**Problem requirements:** Output the whole listing exactly, with no pictures.

**Input records:**
....................
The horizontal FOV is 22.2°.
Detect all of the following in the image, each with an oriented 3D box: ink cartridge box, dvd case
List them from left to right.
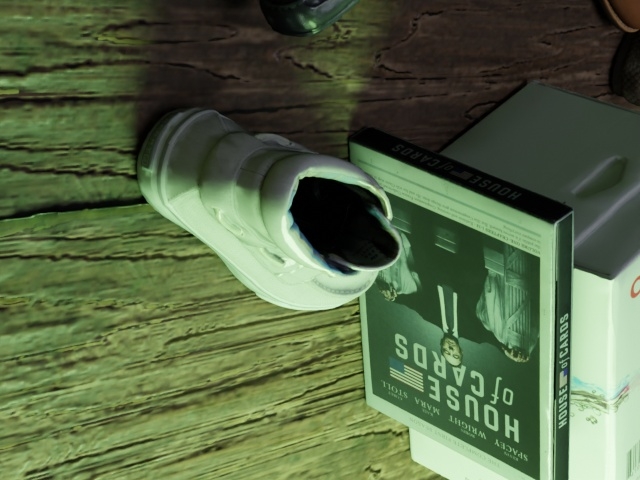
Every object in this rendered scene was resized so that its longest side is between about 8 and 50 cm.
[{"bbox_3d":[0.099,0.053,1.144,0.029,0.179,0.238,-32,132,-36],"label":"dvd case"},{"bbox_3d":[0.195,0.054,1.261,0.198,0.197,0.270,-38,136,-36],"label":"ink cartridge box"}]

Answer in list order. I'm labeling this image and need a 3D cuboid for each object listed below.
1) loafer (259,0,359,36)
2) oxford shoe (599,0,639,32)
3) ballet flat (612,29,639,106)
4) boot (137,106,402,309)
[{"bbox_3d":[0.019,-0.225,0.981,0.078,0.076,0.223,47,64,-48],"label":"loafer"},{"bbox_3d":[0.259,-0.249,1.296,0.076,0.076,0.212,-48,143,-30],"label":"oxford shoe"},{"bbox_3d":[0.323,-0.231,1.406,0.084,0.058,0.250,24,88,-57],"label":"ballet flat"},{"bbox_3d":[0.000,0.000,1.028,0.258,0.123,0.095,29,84,-56],"label":"boot"}]
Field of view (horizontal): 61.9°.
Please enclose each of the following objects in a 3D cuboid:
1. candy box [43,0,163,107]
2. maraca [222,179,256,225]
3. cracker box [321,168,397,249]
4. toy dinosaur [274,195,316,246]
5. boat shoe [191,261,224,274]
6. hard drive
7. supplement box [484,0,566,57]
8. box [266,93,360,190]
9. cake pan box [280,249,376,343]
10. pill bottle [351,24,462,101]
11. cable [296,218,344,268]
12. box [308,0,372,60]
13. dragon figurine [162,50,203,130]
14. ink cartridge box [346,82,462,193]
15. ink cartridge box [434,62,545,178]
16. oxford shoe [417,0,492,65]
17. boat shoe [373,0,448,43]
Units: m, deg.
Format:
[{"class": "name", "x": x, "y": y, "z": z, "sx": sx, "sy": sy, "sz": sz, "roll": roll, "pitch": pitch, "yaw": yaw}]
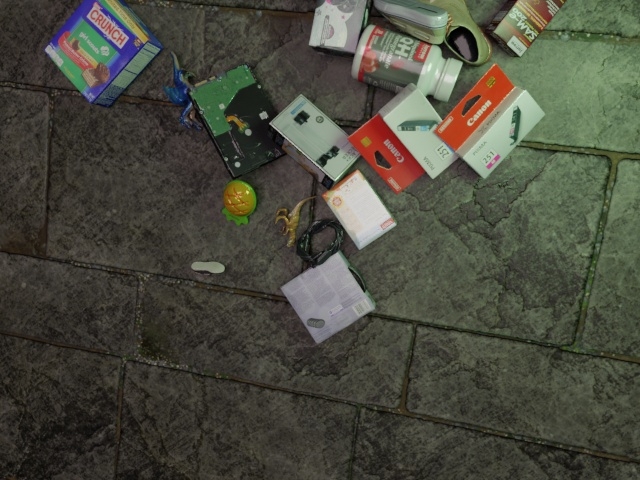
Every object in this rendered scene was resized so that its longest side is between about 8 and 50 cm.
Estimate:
[{"class": "candy box", "x": -0.769, "y": -0.683, "z": 1.893, "sx": 0.317, "sy": 0.122, "sz": 0.268, "roll": -42, "pitch": 88, "yaw": 12}, {"class": "maraca", "x": -0.291, "y": -0.132, "z": 1.893, "sx": 0.127, "sy": 0.099, "sz": 0.185, "roll": 28, "pitch": 128, "yaw": 8}, {"class": "cracker box", "x": 0.135, "y": -0.107, "z": 1.827, "sx": 0.156, "sy": 0.067, "sz": 0.232, "roll": -34, "pitch": 89, "yaw": 14}, {"class": "toy dinosaur", "x": -0.099, "y": -0.083, "z": 1.887, "sx": 0.112, "sy": 0.064, "sz": 0.211, "roll": 15, "pitch": 110, "yaw": -10}, {"class": "boat shoe", "x": -0.414, "y": 0.107, "z": 1.976, "sx": 0.125, "sy": 0.038, "sz": 0.046, "roll": 1, "pitch": 56, "yaw": 5}, {"class": "hard drive", "x": -0.274, "y": -0.407, "z": 1.818, "sx": 0.237, "sy": 0.064, "sz": 0.338, "roll": -29, "pitch": 93, "yaw": -15}, {"class": "supplement box", "x": 0.634, "y": -0.698, "z": 1.627, "sx": 0.130, "sy": 0.073, "sz": 0.239, "roll": 33, "pitch": 104, "yaw": -18}, {"class": "box", "x": -0.015, "y": -0.327, "z": 1.777, "sx": 0.290, "sy": 0.087, "sz": 0.169, "roll": 43, "pitch": 69, "yaw": 3}, {"class": "cake pan box", "x": 0.031, "y": 0.195, "z": 1.889, "sx": 0.267, "sy": 0.070, "sz": 0.245, "roll": -35, "pitch": 92, "yaw": 14}, {"class": "pill bottle", "x": 0.273, "y": -0.548, "z": 1.683, "sx": 0.319, "sy": 0.176, "sz": 0.176, "roll": 21, "pitch": 101, "yaw": 7}, {"class": "cable", "x": 0.000, "y": 0.000, "z": 1.855, "sx": 0.184, "sy": 0.047, "sz": 0.150, "roll": -48, "pitch": 52, "yaw": 7}, {"class": "box", "x": 0.071, "y": -0.726, "z": 1.715, "sx": 0.164, "sy": 0.142, "sz": 0.247, "roll": 14, "pitch": 100, "yaw": 8}, {"class": "dragon figurine", "x": -0.494, "y": -0.527, "z": 1.880, "sx": 0.144, "sy": 0.085, "sz": 0.289, "roll": -37, "pitch": 91, "yaw": 13}, {"class": "ink cartridge box", "x": 0.276, "y": -0.302, "z": 1.697, "sx": 0.261, "sy": 0.066, "sz": 0.296, "roll": -40, "pitch": 124, "yaw": 13}, {"class": "ink cartridge box", "x": 0.528, "y": -0.365, "z": 1.658, "sx": 0.239, "sy": 0.060, "sz": 0.275, "roll": 33, "pitch": 105, "yaw": -33}, {"class": "oxford shoe", "x": 0.401, "y": -0.687, "z": 1.650, "sx": 0.348, "sy": 0.130, "sz": 0.123, "roll": 47, "pitch": 123, "yaw": 2}, {"class": "boat shoe", "x": 0.269, "y": -0.692, "z": 1.658, "sx": 0.109, "sy": 0.302, "sz": 0.094, "roll": -26, "pitch": 136, "yaw": -22}]
....................
**Worked solution:**
The horizontal FOV is 22.2°.
Detect all of the following in the image, each with an oriented 3D box: ink cartridge box, dvd case
List them from left to right.
Every object in this rendered scene was resized so that its longest side is between about 8 and 50 cm.
[{"bbox_3d":[0.099,0.053,1.144,0.029,0.179,0.238,-32,132,-36],"label":"dvd case"},{"bbox_3d":[0.195,0.054,1.261,0.198,0.197,0.270,-38,136,-36],"label":"ink cartridge box"}]

Answer in list order. I'm labeling this image and need a 3D cuboid for each object listed below.
1) loafer (259,0,359,36)
2) oxford shoe (599,0,639,32)
3) ballet flat (612,29,639,106)
4) boot (137,106,402,309)
[{"bbox_3d":[0.019,-0.225,0.981,0.078,0.076,0.223,47,64,-48],"label":"loafer"},{"bbox_3d":[0.259,-0.249,1.296,0.076,0.076,0.212,-48,143,-30],"label":"oxford shoe"},{"bbox_3d":[0.323,-0.231,1.406,0.084,0.058,0.250,24,88,-57],"label":"ballet flat"},{"bbox_3d":[0.000,0.000,1.028,0.258,0.123,0.095,29,84,-56],"label":"boot"}]
Field of view (horizontal): 61.9°.
Please enclose each of the following objects in a 3D cuboid:
1. candy box [43,0,163,107]
2. maraca [222,179,256,225]
3. cracker box [321,168,397,249]
4. toy dinosaur [274,195,316,246]
5. boat shoe [191,261,224,274]
6. hard drive
7. supplement box [484,0,566,57]
8. box [266,93,360,190]
9. cake pan box [280,249,376,343]
10. pill bottle [351,24,462,101]
11. cable [296,218,344,268]
12. box [308,0,372,60]
13. dragon figurine [162,50,203,130]
14. ink cartridge box [346,82,462,193]
15. ink cartridge box [434,62,545,178]
16. oxford shoe [417,0,492,65]
17. boat shoe [373,0,448,43]
Units: m, deg.
Format:
[{"class": "name", "x": x, "y": y, "z": z, "sx": sx, "sy": sy, "sz": sz, "roll": roll, "pitch": pitch, "yaw": yaw}]
Every object in this rendered scene was resized so that its longest side is between about 8 and 50 cm.
Estimate:
[{"class": "candy box", "x": -0.769, "y": -0.683, "z": 1.893, "sx": 0.317, "sy": 0.122, "sz": 0.268, "roll": -42, "pitch": 88, "yaw": 12}, {"class": "maraca", "x": -0.291, "y": -0.132, "z": 1.893, "sx": 0.127, "sy": 0.099, "sz": 0.185, "roll": 28, "pitch": 128, "yaw": 8}, {"class": "cracker box", "x": 0.135, "y": -0.107, "z": 1.827, "sx": 0.156, "sy": 0.067, "sz": 0.232, "roll": -34, "pitch": 89, "yaw": 14}, {"class": "toy dinosaur", "x": -0.099, "y": -0.083, "z": 1.887, "sx": 0.112, "sy": 0.064, "sz": 0.211, "roll": 15, "pitch": 110, "yaw": -10}, {"class": "boat shoe", "x": -0.414, "y": 0.107, "z": 1.976, "sx": 0.125, "sy": 0.038, "sz": 0.046, "roll": 1, "pitch": 56, "yaw": 5}, {"class": "hard drive", "x": -0.274, "y": -0.407, "z": 1.818, "sx": 0.237, "sy": 0.064, "sz": 0.338, "roll": -29, "pitch": 93, "yaw": -15}, {"class": "supplement box", "x": 0.634, "y": -0.698, "z": 1.627, "sx": 0.130, "sy": 0.073, "sz": 0.239, "roll": 33, "pitch": 104, "yaw": -18}, {"class": "box", "x": -0.015, "y": -0.327, "z": 1.777, "sx": 0.290, "sy": 0.087, "sz": 0.169, "roll": 43, "pitch": 69, "yaw": 3}, {"class": "cake pan box", "x": 0.031, "y": 0.195, "z": 1.889, "sx": 0.267, "sy": 0.070, "sz": 0.245, "roll": -35, "pitch": 92, "yaw": 14}, {"class": "pill bottle", "x": 0.273, "y": -0.548, "z": 1.683, "sx": 0.319, "sy": 0.176, "sz": 0.176, "roll": 21, "pitch": 101, "yaw": 7}, {"class": "cable", "x": 0.000, "y": 0.000, "z": 1.855, "sx": 0.184, "sy": 0.047, "sz": 0.150, "roll": -48, "pitch": 52, "yaw": 7}, {"class": "box", "x": 0.071, "y": -0.726, "z": 1.715, "sx": 0.164, "sy": 0.142, "sz": 0.247, "roll": 14, "pitch": 100, "yaw": 8}, {"class": "dragon figurine", "x": -0.494, "y": -0.527, "z": 1.880, "sx": 0.144, "sy": 0.085, "sz": 0.289, "roll": -37, "pitch": 91, "yaw": 13}, {"class": "ink cartridge box", "x": 0.276, "y": -0.302, "z": 1.697, "sx": 0.261, "sy": 0.066, "sz": 0.296, "roll": -40, "pitch": 124, "yaw": 13}, {"class": "ink cartridge box", "x": 0.528, "y": -0.365, "z": 1.658, "sx": 0.239, "sy": 0.060, "sz": 0.275, "roll": 33, "pitch": 105, "yaw": -33}, {"class": "oxford shoe", "x": 0.401, "y": -0.687, "z": 1.650, "sx": 0.348, "sy": 0.130, "sz": 0.123, "roll": 47, "pitch": 123, "yaw": 2}, {"class": "boat shoe", "x": 0.269, "y": -0.692, "z": 1.658, "sx": 0.109, "sy": 0.302, "sz": 0.094, "roll": -26, "pitch": 136, "yaw": -22}]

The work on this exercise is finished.